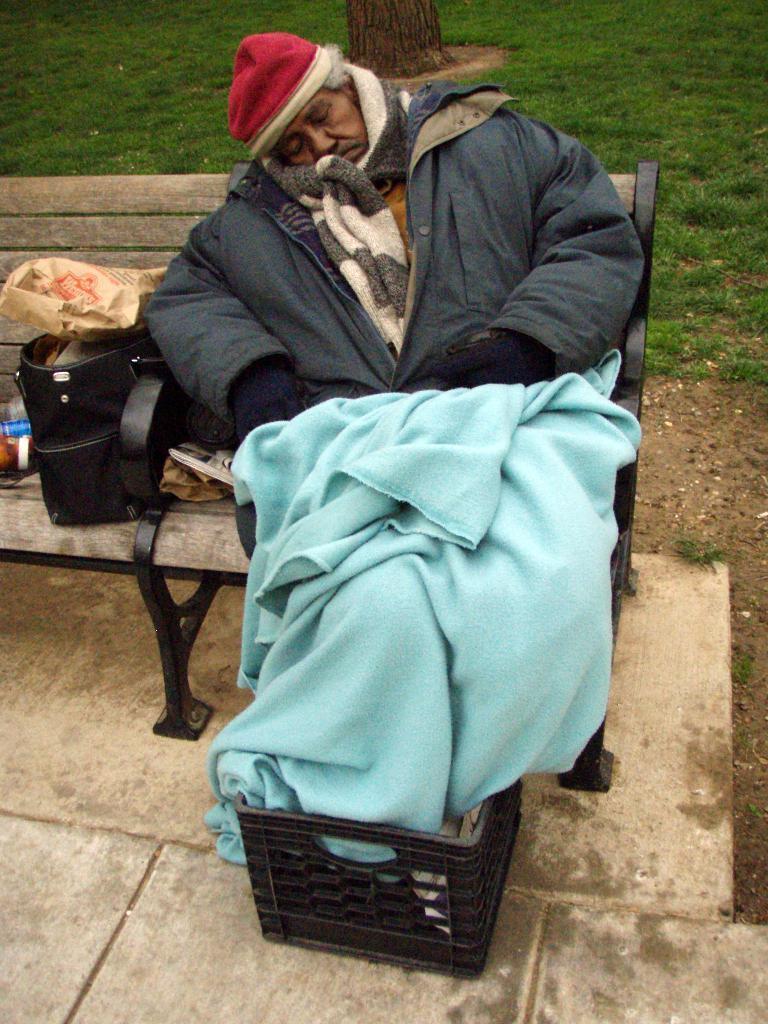Describe this image in one or two sentences. In the image there is a man sleeping on a bench, he is wearing a jacket, a sweater and a cap to his head and there is a bag beside him, behind the bench there is some grass and there is a tree in between the grass. 
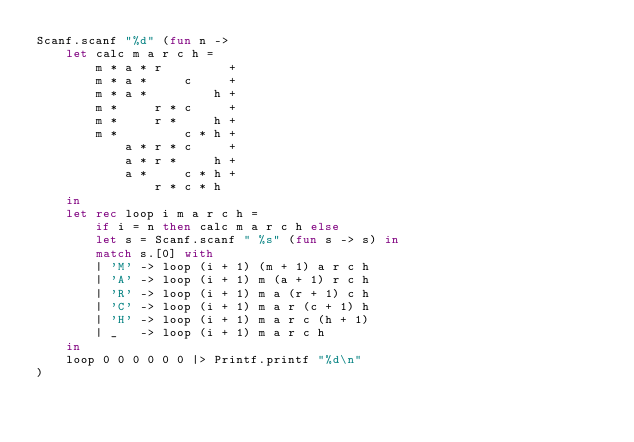Convert code to text. <code><loc_0><loc_0><loc_500><loc_500><_OCaml_>Scanf.scanf "%d" (fun n ->
    let calc m a r c h =
        m * a * r         +
        m * a *     c     +
        m * a *         h +
        m *     r * c     + 
        m *     r *     h +
        m *         c * h +
            a * r * c     +
            a * r *     h +
            a *     c * h +
                r * c * h
    in
    let rec loop i m a r c h =
        if i = n then calc m a r c h else
        let s = Scanf.scanf " %s" (fun s -> s) in
        match s.[0] with
        | 'M' -> loop (i + 1) (m + 1) a r c h
        | 'A' -> loop (i + 1) m (a + 1) r c h
        | 'R' -> loop (i + 1) m a (r + 1) c h
        | 'C' -> loop (i + 1) m a r (c + 1) h
        | 'H' -> loop (i + 1) m a r c (h + 1)
        | _   -> loop (i + 1) m a r c h
    in
    loop 0 0 0 0 0 0 |> Printf.printf "%d\n"
)</code> 
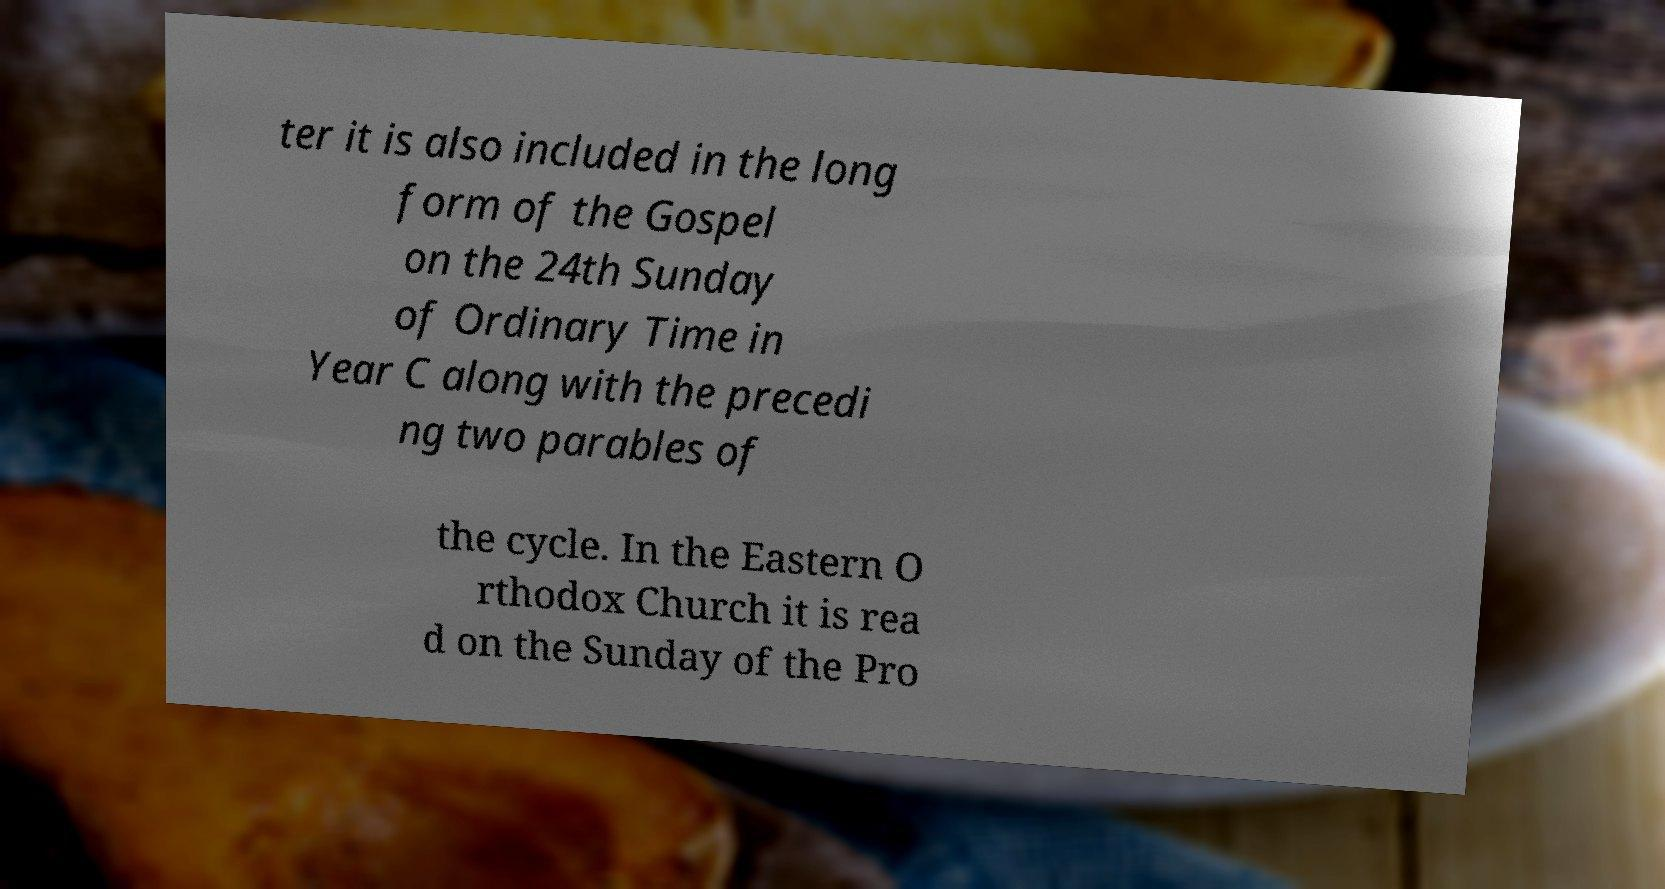What messages or text are displayed in this image? I need them in a readable, typed format. ter it is also included in the long form of the Gospel on the 24th Sunday of Ordinary Time in Year C along with the precedi ng two parables of the cycle. In the Eastern O rthodox Church it is rea d on the Sunday of the Pro 
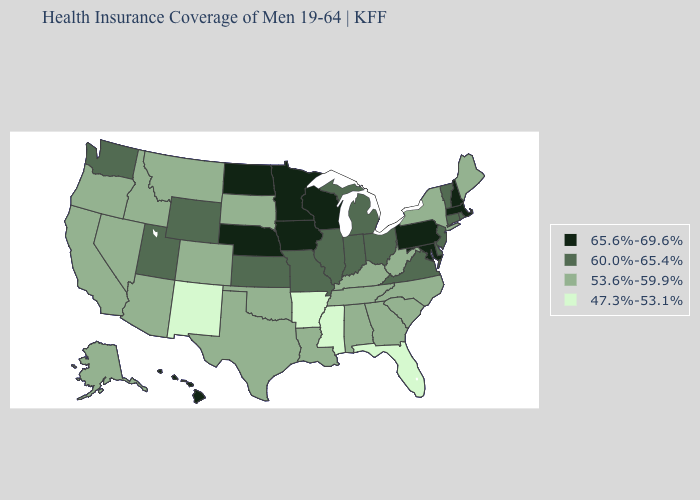Name the states that have a value in the range 60.0%-65.4%?
Be succinct. Connecticut, Delaware, Illinois, Indiana, Kansas, Michigan, Missouri, New Jersey, Ohio, Rhode Island, Utah, Vermont, Virginia, Washington, Wyoming. Does Nebraska have the highest value in the USA?
Keep it brief. Yes. Name the states that have a value in the range 65.6%-69.6%?
Give a very brief answer. Hawaii, Iowa, Maryland, Massachusetts, Minnesota, Nebraska, New Hampshire, North Dakota, Pennsylvania, Wisconsin. Name the states that have a value in the range 47.3%-53.1%?
Be succinct. Arkansas, Florida, Mississippi, New Mexico. Is the legend a continuous bar?
Answer briefly. No. What is the value of Massachusetts?
Be succinct. 65.6%-69.6%. Which states hav the highest value in the MidWest?
Short answer required. Iowa, Minnesota, Nebraska, North Dakota, Wisconsin. Name the states that have a value in the range 53.6%-59.9%?
Quick response, please. Alabama, Alaska, Arizona, California, Colorado, Georgia, Idaho, Kentucky, Louisiana, Maine, Montana, Nevada, New York, North Carolina, Oklahoma, Oregon, South Carolina, South Dakota, Tennessee, Texas, West Virginia. How many symbols are there in the legend?
Be succinct. 4. Name the states that have a value in the range 47.3%-53.1%?
Answer briefly. Arkansas, Florida, Mississippi, New Mexico. Among the states that border Wyoming , does Montana have the lowest value?
Write a very short answer. Yes. Name the states that have a value in the range 47.3%-53.1%?
Write a very short answer. Arkansas, Florida, Mississippi, New Mexico. Does the map have missing data?
Concise answer only. No. What is the lowest value in the USA?
Concise answer only. 47.3%-53.1%. Name the states that have a value in the range 60.0%-65.4%?
Concise answer only. Connecticut, Delaware, Illinois, Indiana, Kansas, Michigan, Missouri, New Jersey, Ohio, Rhode Island, Utah, Vermont, Virginia, Washington, Wyoming. 
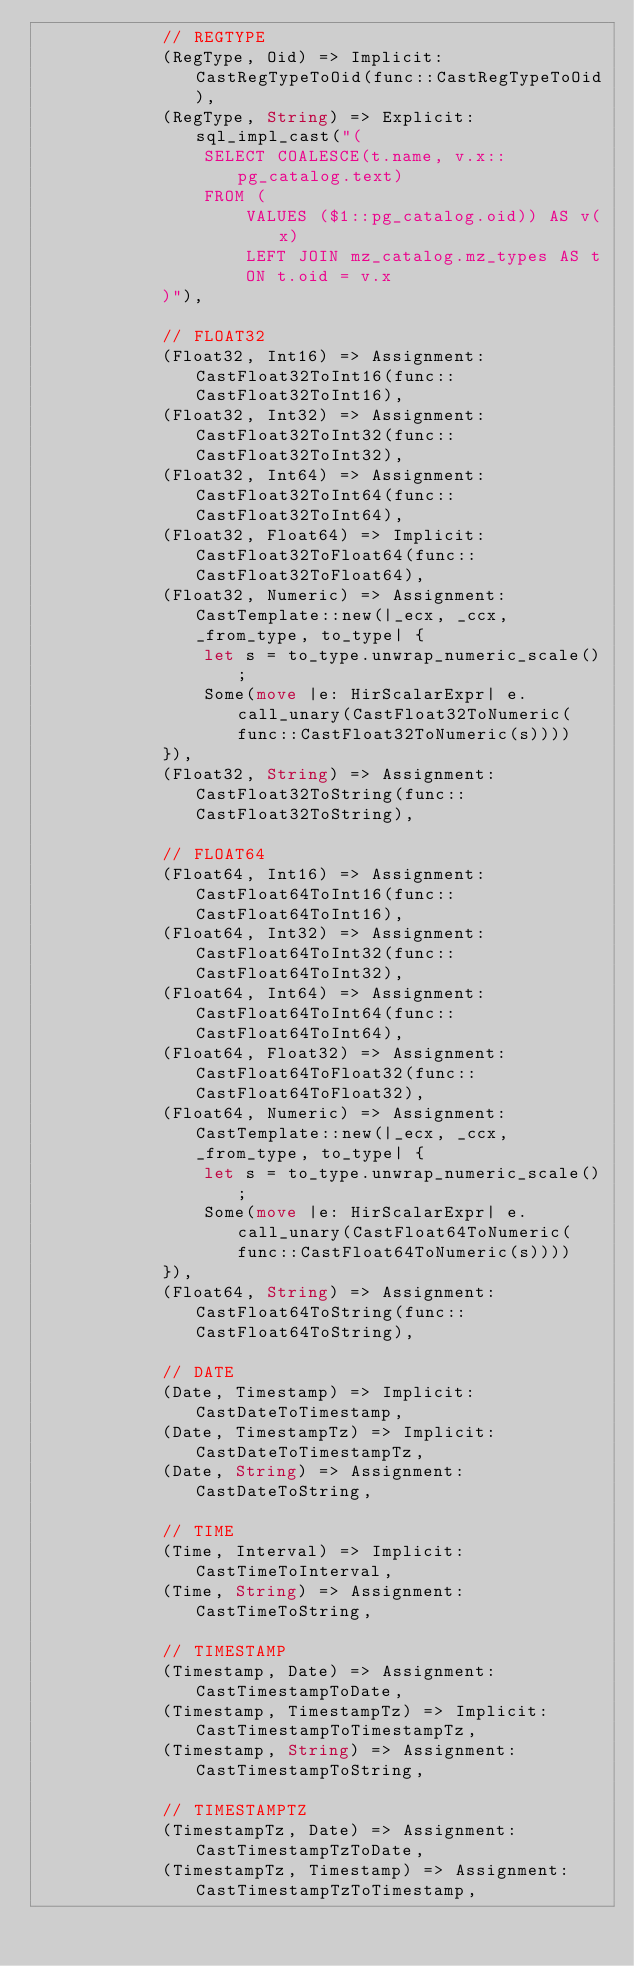<code> <loc_0><loc_0><loc_500><loc_500><_Rust_>            // REGTYPE
            (RegType, Oid) => Implicit: CastRegTypeToOid(func::CastRegTypeToOid),
            (RegType, String) => Explicit: sql_impl_cast("(
                SELECT COALESCE(t.name, v.x::pg_catalog.text)
                FROM (
                    VALUES ($1::pg_catalog.oid)) AS v(x)
                    LEFT JOIN mz_catalog.mz_types AS t
                    ON t.oid = v.x
            )"),

            // FLOAT32
            (Float32, Int16) => Assignment: CastFloat32ToInt16(func::CastFloat32ToInt16),
            (Float32, Int32) => Assignment: CastFloat32ToInt32(func::CastFloat32ToInt32),
            (Float32, Int64) => Assignment: CastFloat32ToInt64(func::CastFloat32ToInt64),
            (Float32, Float64) => Implicit: CastFloat32ToFloat64(func::CastFloat32ToFloat64),
            (Float32, Numeric) => Assignment: CastTemplate::new(|_ecx, _ccx, _from_type, to_type| {
                let s = to_type.unwrap_numeric_scale();
                Some(move |e: HirScalarExpr| e.call_unary(CastFloat32ToNumeric(func::CastFloat32ToNumeric(s))))
            }),
            (Float32, String) => Assignment: CastFloat32ToString(func::CastFloat32ToString),

            // FLOAT64
            (Float64, Int16) => Assignment: CastFloat64ToInt16(func::CastFloat64ToInt16),
            (Float64, Int32) => Assignment: CastFloat64ToInt32(func::CastFloat64ToInt32),
            (Float64, Int64) => Assignment: CastFloat64ToInt64(func::CastFloat64ToInt64),
            (Float64, Float32) => Assignment: CastFloat64ToFloat32(func::CastFloat64ToFloat32),
            (Float64, Numeric) => Assignment: CastTemplate::new(|_ecx, _ccx, _from_type, to_type| {
                let s = to_type.unwrap_numeric_scale();
                Some(move |e: HirScalarExpr| e.call_unary(CastFloat64ToNumeric(func::CastFloat64ToNumeric(s))))
            }),
            (Float64, String) => Assignment: CastFloat64ToString(func::CastFloat64ToString),

            // DATE
            (Date, Timestamp) => Implicit: CastDateToTimestamp,
            (Date, TimestampTz) => Implicit: CastDateToTimestampTz,
            (Date, String) => Assignment: CastDateToString,

            // TIME
            (Time, Interval) => Implicit: CastTimeToInterval,
            (Time, String) => Assignment: CastTimeToString,

            // TIMESTAMP
            (Timestamp, Date) => Assignment: CastTimestampToDate,
            (Timestamp, TimestampTz) => Implicit: CastTimestampToTimestampTz,
            (Timestamp, String) => Assignment: CastTimestampToString,

            // TIMESTAMPTZ
            (TimestampTz, Date) => Assignment: CastTimestampTzToDate,
            (TimestampTz, Timestamp) => Assignment: CastTimestampTzToTimestamp,</code> 
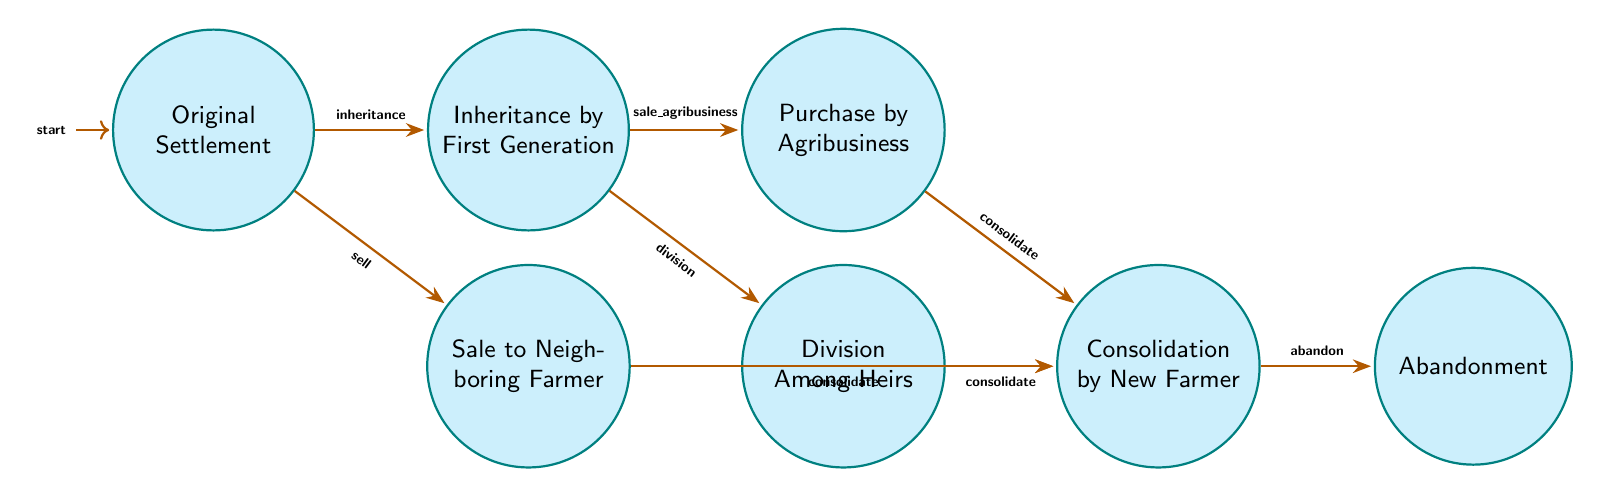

◆ ◆ ◆ ◆

» **What to work on**
Could you restate word for word the lines above, from the one that contains "Be succinct. 65.6%-69.6%." through the one that contains "Concise answer only. 47.3%-53.1%.", and no others?

» **Final answer**
Be succinct. 65.6%-69.6%. Which states hav the highest value in the MidWest?
Short answer required. Iowa, Minnesota, Nebraska, North Dakota, Wisconsin. Name the states that have a value in the range 53.6%-59.9%?
Quick response, please. Alabama, Alaska, Arizona, California, Colorado, Georgia, Idaho, Kentucky, Louisiana, Maine, Montana, Nevada, New York, North Carolina, Oklahoma, Oregon, South Carolina, South Dakota, Tennessee, Texas, West Virginia. How many symbols are there in the legend?
Be succinct. 4. Name the states that have a value in the range 47.3%-53.1%?
Answer briefly. Arkansas, Florida, Mississippi, New Mexico. Among the states that border Wyoming , does Montana have the lowest value?
Write a very short answer. Yes. Name the states that have a value in the range 47.3%-53.1%?
Write a very short answer. Arkansas, Florida, Mississippi, New Mexico. Does the map have missing data?
Concise answer only. No. What is the lowest value in the USA?
Concise answer only. 47.3%-53.1%. Name the states that have a value in the range 60.0%-65.4%?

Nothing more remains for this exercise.